ミラノ新ピッコロ劇場『コシ・ファン・トゥッテ』
●ミラノ・新ピッコロ劇場・日本公演
 2000年11月26日(日)14:00/日生劇場
 モーツァルト作曲・歌劇『コシ・ファン・トゥッテ』
 演出  :ジョルジュ・ストレーレル
     :カルロ・バッティストーニ
 演出補 :マリーズ・フラッシュ
 美術  :エンツィオ・フリジェーリオ
 衣装  :フランカ・スクワルチャッピーノ
 照明  :ジェラルド・モディカ
 指揮  :エンリケ・マッツォーラ
 キャスト
 フィオルディリージ :フィオレッラ・ブラート
 ドラベッラ     :ガブリエッラ・スボルジ
 フェランド     :ヨーナス・カウフマン
 グリエルモ     :ニコラ・リヴァンク
 デスピーナ     :ジャネット・ペリー
 ドン・アルフォンソ :アレクサンダー・マルタ
 オーケストラ    :ミラノ交響楽団「ジョゼッペ・ヴェルディ」
 合唱        :ミラノ市立音楽学院
            ストレーレル コシ・ファン・トゥッテ合唱団
 合唱指揮      :アルフォンソ・カイアーニ
 チェンバロ     :ハリット・ロウソン

 



今年夏のザルツブルクのコシはノイエンフェルスの空前絶後の演出にあっとびっくり
したが、今日のストレーレルの舞台はとても良かったと思う。
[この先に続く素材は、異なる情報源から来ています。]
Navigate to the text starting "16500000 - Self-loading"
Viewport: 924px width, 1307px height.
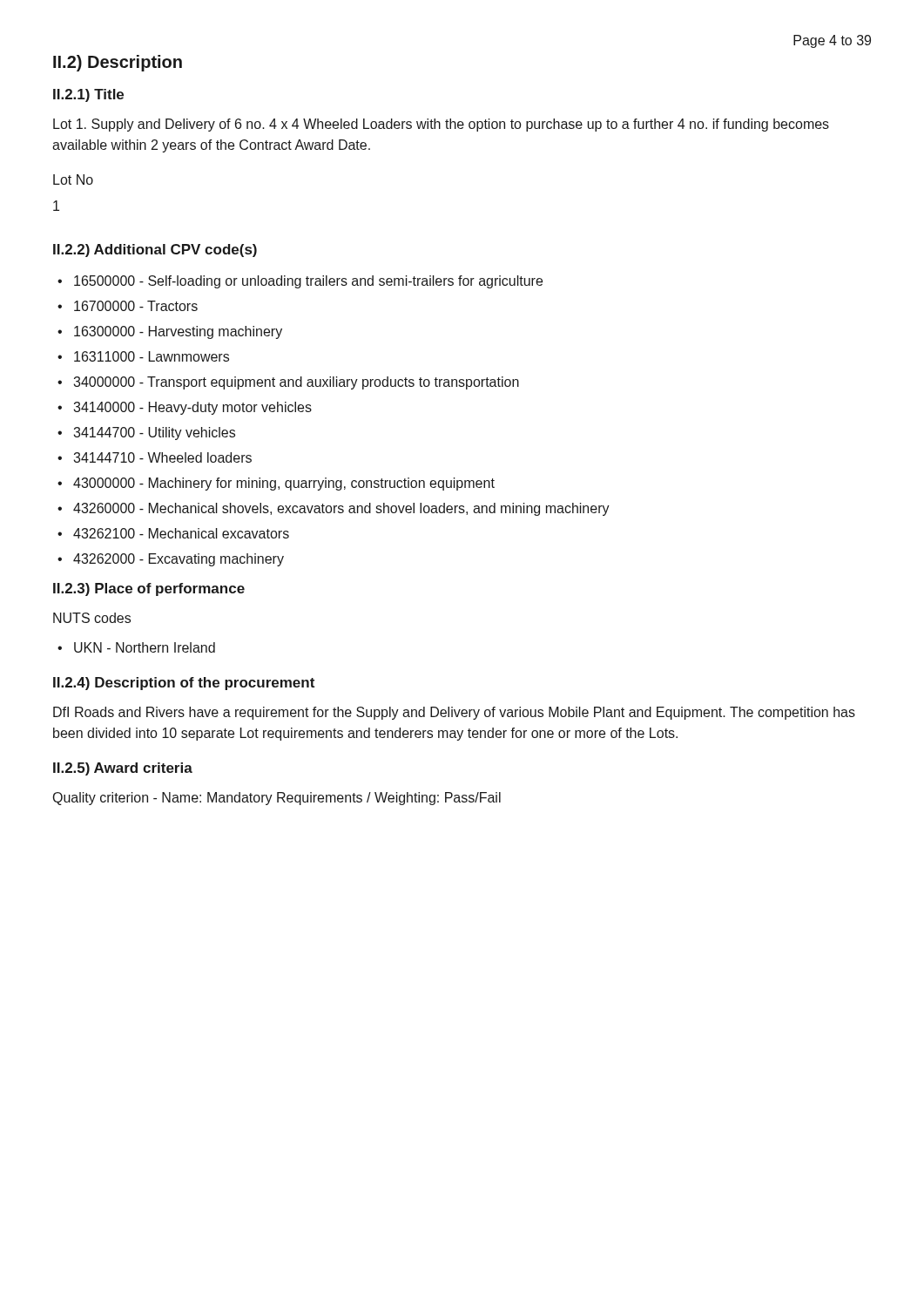pos(300,282)
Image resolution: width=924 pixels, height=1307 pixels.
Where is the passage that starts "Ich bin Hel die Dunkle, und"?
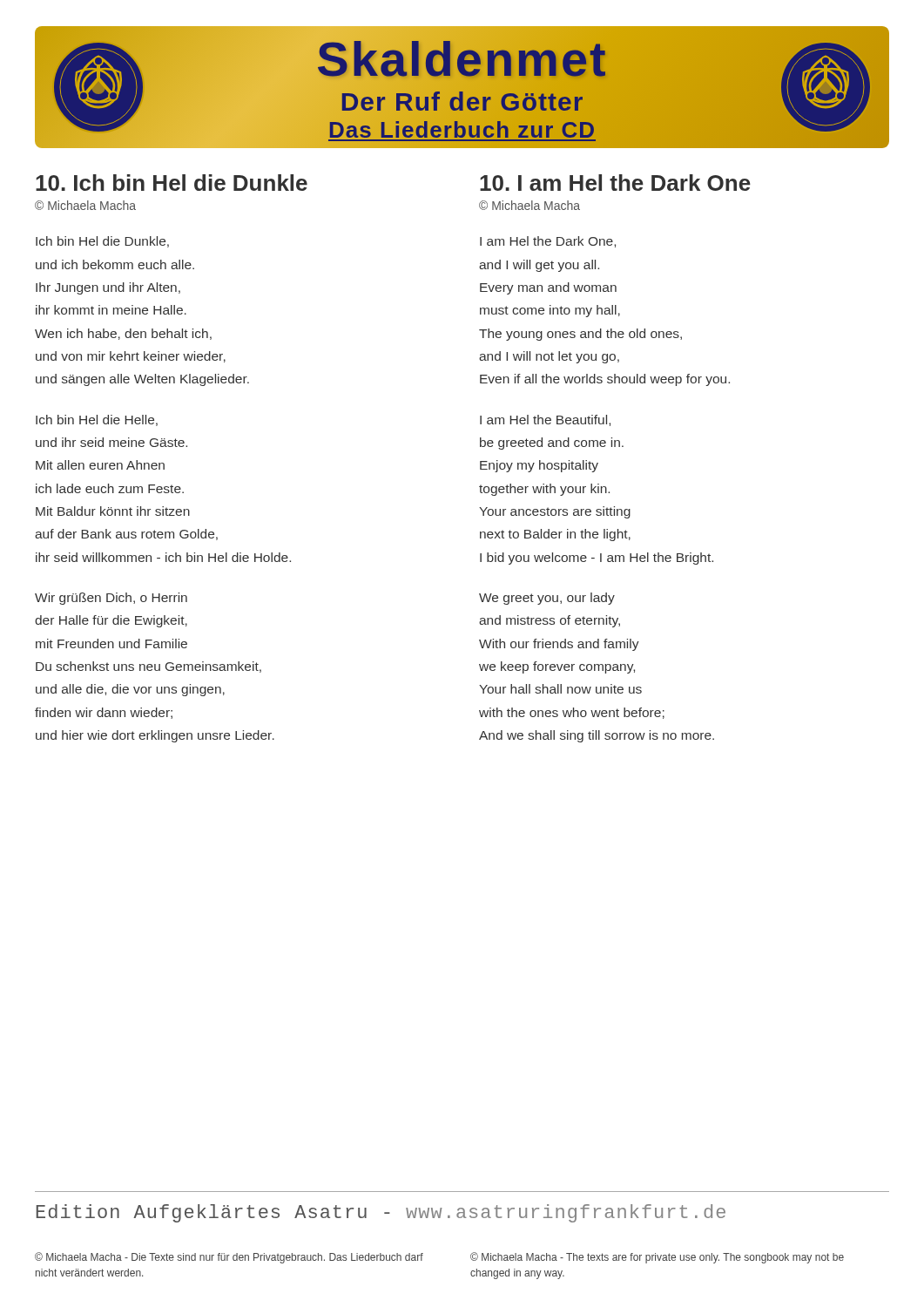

ある意味ではもう古き
時代を感じさせてしまうが、個人的にはこういったシンプルで美しい舞台は大好きだ。
背景の空間をスクリーンに見立ててシルエットを多用するなど、とても幻想的だった
し、舞台がクリーンなためかドラマを虚飾なく楽しめた。舞台がシンプルな分、登場
人物のキャラクターが浮き彫りにされて、歌手とオーケストラのアンサンブルが際立
つのだろう。

日生劇場の音響はデッドでやや平面的なので序曲では気になったが、ドラマが始まっ
てからは、とても生き生きとした音楽にのめりこむこととなった。それにしても登場
人物のキャラクターが明確に表現されるのでアンサンブルが実に楽しい。はっきり言
って演出や舞台が良いと、モーツァルトの音楽も益々素晴らしくなるのかと驚いた。
今日のほうがノイエンフェルスのコシよりずっと音楽に忠実と思った。

オーケストラもまずまずの出来で、マッツォーラの指揮も適度のパンチがあって音楽
が軽快に進む。ベリーのデスピーナはさすがに素晴らしく、上手い演技が見所、聴き
所であった。ブラートのフィオルディリージもとても聴き栄えするし、他のキャスト
も十分に楽しめた。第2幕からも、美しくてシンプルなセットで繰り広げられる喜劇
に釘つけとなってしまった。他にもストレーレルのドン・ジョバンニあたりをライブ
で見てみたいものだ。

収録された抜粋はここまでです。